Gerardo a observava há algum tempo e, ao notar sua expressão séria, não pôde deixar de perguntar, preocupado: “Por que essa cara fechada?”
Lian Yin voltou-se para ele. Vendo que Gerardo aparentemente ainda não tinha lido nenhuma reportagem, não quis deixá-lo afetado por elas, então balançou a cabeça, forçando um sorriso: “Nada, apenas achei a paisagem lá fora tão bonita que me perdi nos pensamentos.”
Gerardo, desconfiado, perguntou: “É mesmo?”
Lian Yin assentiu com convicção: “Claro. O senhor não acha a paisagem linda?”
Gerardo não respondeu. Pensou que, já que Lian Yin não queria dizer a verdade, não insistiria. Crianças também precisam de espaço próprio, e, como um bom pai, devia respeitar isso.
Assim, sorriu para Lian Yin e voltou a se concentrar em seus afazeres.
Lian Yin, após observá-lo por um tempo, também se virou para a janela, buscando acalmar os ânimos com a paisagem.
Embora Gerardo estivesse focado em suas tarefas e não tivesse lido as notícias, isso não significava que nunca as tomaria conhecimento. Precisando dar explicações ao clube sobre a derrota na estreia, acabou sendo informado pelo próprio clube sobre o teor das reportagens.
Após ler as diversas críticas, Gerardo não ficou desanimado como Lian Yin. Pelo contrário, aquela unanimidade em desacreditá-lo só aumentou sua determinação. Recusando-se a aceitar a derrota, prometeu ao clube que, nas próximas partidas, lavaria a honra da equipe.

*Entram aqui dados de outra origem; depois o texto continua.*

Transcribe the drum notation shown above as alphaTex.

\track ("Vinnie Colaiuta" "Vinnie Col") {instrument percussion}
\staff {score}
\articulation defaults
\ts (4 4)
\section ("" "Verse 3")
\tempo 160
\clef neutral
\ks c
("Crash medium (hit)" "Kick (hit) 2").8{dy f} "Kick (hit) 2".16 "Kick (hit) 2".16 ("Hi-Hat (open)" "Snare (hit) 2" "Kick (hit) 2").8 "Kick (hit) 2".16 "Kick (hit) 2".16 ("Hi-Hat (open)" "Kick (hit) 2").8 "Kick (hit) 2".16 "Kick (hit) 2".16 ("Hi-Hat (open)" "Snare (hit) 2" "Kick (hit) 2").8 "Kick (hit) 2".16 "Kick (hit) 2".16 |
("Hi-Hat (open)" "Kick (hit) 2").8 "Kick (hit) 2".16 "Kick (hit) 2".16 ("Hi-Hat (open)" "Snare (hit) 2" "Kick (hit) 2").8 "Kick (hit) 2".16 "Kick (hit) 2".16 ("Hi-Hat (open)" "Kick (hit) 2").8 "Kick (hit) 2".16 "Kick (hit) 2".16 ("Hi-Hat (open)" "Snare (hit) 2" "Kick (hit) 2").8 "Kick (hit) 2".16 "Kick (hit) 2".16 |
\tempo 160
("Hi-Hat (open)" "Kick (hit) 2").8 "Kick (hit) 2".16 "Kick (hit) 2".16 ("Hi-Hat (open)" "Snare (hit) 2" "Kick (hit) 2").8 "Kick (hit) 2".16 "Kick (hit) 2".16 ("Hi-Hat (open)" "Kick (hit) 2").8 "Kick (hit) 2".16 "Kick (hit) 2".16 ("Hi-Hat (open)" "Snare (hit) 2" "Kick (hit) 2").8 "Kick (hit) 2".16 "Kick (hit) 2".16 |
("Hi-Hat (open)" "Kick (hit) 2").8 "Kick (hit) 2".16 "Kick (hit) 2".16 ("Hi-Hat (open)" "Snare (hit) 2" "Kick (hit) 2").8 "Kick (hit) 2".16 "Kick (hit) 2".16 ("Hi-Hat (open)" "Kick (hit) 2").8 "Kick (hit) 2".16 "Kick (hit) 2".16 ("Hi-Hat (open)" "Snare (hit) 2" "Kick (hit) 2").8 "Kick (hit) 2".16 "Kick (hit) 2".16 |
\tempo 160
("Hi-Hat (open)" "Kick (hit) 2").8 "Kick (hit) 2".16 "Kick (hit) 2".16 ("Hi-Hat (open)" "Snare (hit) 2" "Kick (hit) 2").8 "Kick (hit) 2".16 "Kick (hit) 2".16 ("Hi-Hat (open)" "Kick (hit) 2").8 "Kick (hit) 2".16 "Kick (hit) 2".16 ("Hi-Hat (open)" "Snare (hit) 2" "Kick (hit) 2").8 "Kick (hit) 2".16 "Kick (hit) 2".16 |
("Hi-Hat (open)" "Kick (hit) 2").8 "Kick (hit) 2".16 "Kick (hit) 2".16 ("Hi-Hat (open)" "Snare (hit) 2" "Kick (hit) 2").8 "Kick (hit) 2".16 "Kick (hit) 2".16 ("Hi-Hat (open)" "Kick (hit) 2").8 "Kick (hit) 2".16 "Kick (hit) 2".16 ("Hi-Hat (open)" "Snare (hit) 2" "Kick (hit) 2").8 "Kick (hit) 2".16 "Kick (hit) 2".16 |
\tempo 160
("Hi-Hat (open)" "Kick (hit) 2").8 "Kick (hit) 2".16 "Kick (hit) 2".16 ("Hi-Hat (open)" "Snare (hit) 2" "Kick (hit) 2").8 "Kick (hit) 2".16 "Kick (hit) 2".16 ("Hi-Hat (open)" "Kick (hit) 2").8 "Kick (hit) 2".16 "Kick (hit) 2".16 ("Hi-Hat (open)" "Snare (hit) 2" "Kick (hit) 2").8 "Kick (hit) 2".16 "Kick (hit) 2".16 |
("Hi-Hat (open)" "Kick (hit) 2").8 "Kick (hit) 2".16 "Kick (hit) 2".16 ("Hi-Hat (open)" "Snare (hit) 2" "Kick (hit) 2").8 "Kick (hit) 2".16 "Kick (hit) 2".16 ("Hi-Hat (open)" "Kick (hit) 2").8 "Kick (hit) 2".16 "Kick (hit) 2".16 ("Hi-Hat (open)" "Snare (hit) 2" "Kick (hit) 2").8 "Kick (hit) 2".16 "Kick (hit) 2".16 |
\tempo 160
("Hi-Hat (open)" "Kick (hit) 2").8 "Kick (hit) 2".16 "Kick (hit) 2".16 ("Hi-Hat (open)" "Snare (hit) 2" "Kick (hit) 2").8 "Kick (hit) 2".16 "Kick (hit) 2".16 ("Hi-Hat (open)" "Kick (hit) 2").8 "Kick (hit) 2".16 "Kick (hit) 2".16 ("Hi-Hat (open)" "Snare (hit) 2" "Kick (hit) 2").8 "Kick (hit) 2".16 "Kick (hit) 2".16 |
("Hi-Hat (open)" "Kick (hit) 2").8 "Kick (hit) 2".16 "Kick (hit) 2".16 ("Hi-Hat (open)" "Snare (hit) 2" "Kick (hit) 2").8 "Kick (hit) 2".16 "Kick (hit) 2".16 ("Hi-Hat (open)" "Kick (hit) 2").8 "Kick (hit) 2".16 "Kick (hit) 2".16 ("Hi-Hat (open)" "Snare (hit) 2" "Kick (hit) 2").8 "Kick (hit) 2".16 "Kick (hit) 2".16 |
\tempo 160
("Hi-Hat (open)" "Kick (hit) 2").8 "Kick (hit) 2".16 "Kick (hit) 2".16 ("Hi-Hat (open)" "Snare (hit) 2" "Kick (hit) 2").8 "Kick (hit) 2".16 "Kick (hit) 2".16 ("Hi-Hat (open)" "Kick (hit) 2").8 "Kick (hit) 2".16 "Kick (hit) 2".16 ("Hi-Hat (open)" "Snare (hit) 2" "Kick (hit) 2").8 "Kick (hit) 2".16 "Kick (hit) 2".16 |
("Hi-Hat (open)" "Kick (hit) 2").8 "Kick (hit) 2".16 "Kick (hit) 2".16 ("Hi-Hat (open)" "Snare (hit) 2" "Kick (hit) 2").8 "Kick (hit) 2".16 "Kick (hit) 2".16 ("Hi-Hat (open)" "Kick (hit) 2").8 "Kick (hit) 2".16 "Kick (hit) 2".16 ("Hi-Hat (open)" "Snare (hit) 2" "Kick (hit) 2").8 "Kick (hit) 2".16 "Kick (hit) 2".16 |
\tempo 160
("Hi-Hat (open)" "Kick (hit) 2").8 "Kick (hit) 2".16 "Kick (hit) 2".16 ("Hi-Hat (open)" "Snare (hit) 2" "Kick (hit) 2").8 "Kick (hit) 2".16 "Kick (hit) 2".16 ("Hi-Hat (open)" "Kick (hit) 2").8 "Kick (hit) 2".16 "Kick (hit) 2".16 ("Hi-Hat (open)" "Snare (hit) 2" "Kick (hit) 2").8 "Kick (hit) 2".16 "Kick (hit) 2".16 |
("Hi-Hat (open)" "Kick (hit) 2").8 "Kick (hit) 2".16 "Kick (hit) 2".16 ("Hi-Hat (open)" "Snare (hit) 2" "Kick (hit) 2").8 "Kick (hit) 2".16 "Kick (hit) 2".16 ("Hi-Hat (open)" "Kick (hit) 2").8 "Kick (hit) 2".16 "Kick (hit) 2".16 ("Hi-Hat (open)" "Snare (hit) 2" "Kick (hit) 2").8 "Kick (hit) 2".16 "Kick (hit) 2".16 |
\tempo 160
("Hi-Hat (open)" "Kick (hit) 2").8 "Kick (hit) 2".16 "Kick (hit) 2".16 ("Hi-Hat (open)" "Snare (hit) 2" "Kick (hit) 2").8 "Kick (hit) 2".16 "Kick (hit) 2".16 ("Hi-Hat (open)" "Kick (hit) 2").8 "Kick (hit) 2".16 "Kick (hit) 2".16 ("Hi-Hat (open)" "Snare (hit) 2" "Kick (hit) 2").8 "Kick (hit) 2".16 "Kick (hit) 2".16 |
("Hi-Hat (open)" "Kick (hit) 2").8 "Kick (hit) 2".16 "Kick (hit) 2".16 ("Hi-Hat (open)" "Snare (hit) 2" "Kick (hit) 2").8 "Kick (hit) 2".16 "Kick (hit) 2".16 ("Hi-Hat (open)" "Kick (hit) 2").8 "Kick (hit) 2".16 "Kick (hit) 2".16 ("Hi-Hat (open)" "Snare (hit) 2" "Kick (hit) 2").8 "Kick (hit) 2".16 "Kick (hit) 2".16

Desta vez, porém, a diretoria não demonstrou a mesma confiança de antes, preferindo adotar uma postura cautelosa. O motivo era o próximo adversário: o Catania, recém-promovido da Série B à Série A.
O Catania é um clube da Sicília, no sul da Itália.
E, mais interessante ainda do que o próprio clube, é a história da Sicília.
Existe uma curiosa teoria sobre a ilha. Dizem que, em termos de geografia e disparidade econômica, a Itália se divide em Norte e Sul. O Sul, por sua vez, se separa ainda em Sul da Itália e as Duas Sicílias, conforme características geográficas e étnicas. O Norte não reconhece o Sul, o Sul despreza o Norte, mas, quando se trata da Sicília, ambos concordam: consideram que a ilha não faz parte da Itália.
Da mesma forma, os sicilianos não se consideram italianos, insistindo em afirmar que são, antes de tudo, sicilianos. E desprezam tanto o Norte quanto o Sul.
Por isso, quando os jogadores italianos da Internazionale souberam que enfrentariam o Catania, da Sicília, todos se animaram e garantiram que venceriam a partida.
Apesar do entusiasmo dos jogadores, Gerardo não se deixou levar. Por ser um time recém-promovido da Série B, ele pouco sabia sobre o adversário, preferindo tratá-lo como um oponente forte. Reuniu informações sobre os jogos recentes do Catania e estudou um a um os jogadores da equipe rival.
Enquanto Gerardo se debruçava sobre esse trabalho, Lian Yin o acompanhava o tempo todo, tanto para se envolver plenamente quanto para aprender mais sobre futebol.
Gerardo sentia-se tocado pela silenciosa companhia de Lian Yin. Sua presença o fazia recordar os dias ao lado da esposa amada, e, por extensão desse afeto, a relação entre pai e filha se estreitou ainda mais, a ponto de arrancar elogios de assistentes técnicos e jogadores pela profundidade desse laço familiar.
Após quase duas semanas de descanso e preparação, a Internazionale enfim se preparava para enfrentar o Catania.
Antes do início da partida, o inquieto sistema apareceu novamente, desafiando Lian Yin a adivinhar o resultado do jogo. Desta vez, após apresentar três opções, o sistema eliminou rapidamente uma delas: “A resposta errada é B, derrota. Agora, querida, adivinhe: será vitória ou empate?”
Lian Yin não hesitou e fez sua escolha: “Eu escolho A.”
O sistema confirmou: “Vitória?”
Lian Yin respondeu com firmeza: “Sim, eu escolho que vamos vencer.”